In speaking with 1,455 top-tier global accounts – central banks, large corporations, hedge funds and other financial institutions – Greenwich noted that execution algorithms are the latest must-have feature. Even though the use of FX execution algorithms is currently low, “it will grow in importance over the next three years—forcing dealers to deliver.”

Greenwich’s 2017 Future of FX Algos Study predicted that 31% of contingent orders are expected to be executed through algorithms in two to three years, followed by 27% of fee-based and 16% of benchmark trades.

“While algo adoption has so far been higher among the largest institutional users of FX, a steady rise in the use of TCA should aid further growth,” Greenwich Associates consultant Tom Jacques observed.

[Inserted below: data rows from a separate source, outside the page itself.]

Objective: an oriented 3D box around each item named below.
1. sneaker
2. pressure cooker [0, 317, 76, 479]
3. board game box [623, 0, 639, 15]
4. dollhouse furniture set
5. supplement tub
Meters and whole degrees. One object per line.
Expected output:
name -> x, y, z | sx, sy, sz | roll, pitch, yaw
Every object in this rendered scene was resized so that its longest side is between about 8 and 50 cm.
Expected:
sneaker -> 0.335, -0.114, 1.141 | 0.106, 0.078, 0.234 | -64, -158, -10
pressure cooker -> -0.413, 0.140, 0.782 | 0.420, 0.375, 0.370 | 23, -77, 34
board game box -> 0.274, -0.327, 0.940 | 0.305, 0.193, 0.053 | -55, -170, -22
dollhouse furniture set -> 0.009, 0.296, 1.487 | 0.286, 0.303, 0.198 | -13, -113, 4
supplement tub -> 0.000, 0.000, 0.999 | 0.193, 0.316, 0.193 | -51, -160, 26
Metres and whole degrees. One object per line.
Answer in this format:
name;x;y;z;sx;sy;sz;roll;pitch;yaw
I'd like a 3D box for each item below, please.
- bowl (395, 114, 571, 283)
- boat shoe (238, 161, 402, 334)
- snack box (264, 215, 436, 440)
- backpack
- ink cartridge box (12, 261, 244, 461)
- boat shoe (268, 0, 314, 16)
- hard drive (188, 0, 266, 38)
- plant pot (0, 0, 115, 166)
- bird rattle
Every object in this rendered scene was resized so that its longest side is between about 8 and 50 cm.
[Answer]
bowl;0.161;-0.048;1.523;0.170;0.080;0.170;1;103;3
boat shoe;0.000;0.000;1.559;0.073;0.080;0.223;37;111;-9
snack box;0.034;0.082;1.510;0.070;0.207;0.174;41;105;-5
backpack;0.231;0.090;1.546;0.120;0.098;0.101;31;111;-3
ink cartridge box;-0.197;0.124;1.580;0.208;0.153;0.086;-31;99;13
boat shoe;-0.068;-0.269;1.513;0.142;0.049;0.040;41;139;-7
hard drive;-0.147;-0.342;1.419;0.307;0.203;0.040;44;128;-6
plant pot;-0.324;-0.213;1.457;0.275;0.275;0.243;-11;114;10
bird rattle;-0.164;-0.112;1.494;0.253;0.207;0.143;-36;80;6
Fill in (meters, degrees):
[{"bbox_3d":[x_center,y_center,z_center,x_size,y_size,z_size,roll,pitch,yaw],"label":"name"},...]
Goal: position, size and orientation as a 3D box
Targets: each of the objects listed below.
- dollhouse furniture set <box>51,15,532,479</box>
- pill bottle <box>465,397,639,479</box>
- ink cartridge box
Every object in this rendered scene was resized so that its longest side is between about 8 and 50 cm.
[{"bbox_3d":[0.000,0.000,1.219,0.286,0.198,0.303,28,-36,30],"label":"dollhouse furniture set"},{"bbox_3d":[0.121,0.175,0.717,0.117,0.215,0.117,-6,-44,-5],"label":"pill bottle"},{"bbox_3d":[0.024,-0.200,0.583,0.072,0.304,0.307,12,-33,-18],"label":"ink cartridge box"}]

The technology spending has been done so as “to keep up with Citi and J.P. Morgan, which tied for first place in the Global FX Market Share study. “These two banks have leveraged extensive global networks and best-in-class technology platforms to build a lead over the rest of the market that is wide and still growing.”

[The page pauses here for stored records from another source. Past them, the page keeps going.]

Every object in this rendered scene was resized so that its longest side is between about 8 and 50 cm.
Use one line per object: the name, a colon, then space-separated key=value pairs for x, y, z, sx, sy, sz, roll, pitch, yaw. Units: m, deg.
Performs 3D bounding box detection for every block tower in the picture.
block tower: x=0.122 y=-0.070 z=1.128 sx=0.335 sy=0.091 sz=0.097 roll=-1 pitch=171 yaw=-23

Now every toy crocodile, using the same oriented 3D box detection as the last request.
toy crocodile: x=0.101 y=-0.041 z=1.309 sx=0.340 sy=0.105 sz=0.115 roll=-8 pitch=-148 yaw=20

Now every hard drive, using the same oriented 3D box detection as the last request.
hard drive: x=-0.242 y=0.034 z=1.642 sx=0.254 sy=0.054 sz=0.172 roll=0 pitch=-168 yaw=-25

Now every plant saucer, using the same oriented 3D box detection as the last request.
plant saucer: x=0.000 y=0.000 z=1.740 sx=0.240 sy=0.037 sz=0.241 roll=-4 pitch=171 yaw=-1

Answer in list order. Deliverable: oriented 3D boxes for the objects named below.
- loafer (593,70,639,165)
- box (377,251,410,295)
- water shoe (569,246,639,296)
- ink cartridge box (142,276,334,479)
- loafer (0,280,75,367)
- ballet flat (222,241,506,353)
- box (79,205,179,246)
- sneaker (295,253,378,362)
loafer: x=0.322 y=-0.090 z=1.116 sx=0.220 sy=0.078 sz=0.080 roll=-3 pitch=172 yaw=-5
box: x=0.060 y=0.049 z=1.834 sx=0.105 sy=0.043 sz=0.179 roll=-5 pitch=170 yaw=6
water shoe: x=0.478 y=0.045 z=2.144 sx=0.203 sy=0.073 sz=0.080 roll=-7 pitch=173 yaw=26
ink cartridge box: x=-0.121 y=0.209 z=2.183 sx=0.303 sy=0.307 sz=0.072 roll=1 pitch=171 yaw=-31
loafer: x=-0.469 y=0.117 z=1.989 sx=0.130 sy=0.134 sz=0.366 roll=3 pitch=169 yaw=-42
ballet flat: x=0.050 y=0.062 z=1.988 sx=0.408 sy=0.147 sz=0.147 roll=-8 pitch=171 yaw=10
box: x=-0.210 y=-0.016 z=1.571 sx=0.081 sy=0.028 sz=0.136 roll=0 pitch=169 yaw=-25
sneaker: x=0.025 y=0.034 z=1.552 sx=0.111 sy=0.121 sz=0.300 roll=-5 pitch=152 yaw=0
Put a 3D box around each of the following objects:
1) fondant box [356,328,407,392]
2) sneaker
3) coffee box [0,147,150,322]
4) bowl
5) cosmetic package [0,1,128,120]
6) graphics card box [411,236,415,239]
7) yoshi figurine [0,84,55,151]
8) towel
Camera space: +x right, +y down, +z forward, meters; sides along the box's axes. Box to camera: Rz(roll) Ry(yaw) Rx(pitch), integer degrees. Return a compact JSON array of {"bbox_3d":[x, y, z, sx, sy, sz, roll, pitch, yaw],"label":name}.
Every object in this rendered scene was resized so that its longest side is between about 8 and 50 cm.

UBS and Deutsche Bank tied for third place as Goldman Sachs, HSBC and Bank of America Merrill Lynch tied for fifth in global FX market share.

“While individual banks might have strengths in either high-touch sales or e-trading, the two channels are becoming increasingly interconnected,” the report noted. “It’s getting harder to be especially good in one area without the other, so dealers have had to invest in both.” One such example is J.P. Morgan, a firm that traditionally excelled in electronic trading but now also ranks near the top of the industry in sales coverage quality.

Clouding the sales picture is MiFID II. The European regulations require “best execution” to drive brokerage decisions, forcing the buy-side to value execution quality, according to the Greenwich study. This comes as FX clients continue to place a significant value on the ideas and market color provided by their sell-side coverage. “However, as clients move to comply with new MiFID II rules on research, some market participants—primarily in Europe—are imposing strict restrictions on sell-side firms and their traders,” the report said. “If you don’t have a research contract in place with these firms, you are prohibited from even speaking with them. No calls, no unsolicited emails—nothing.”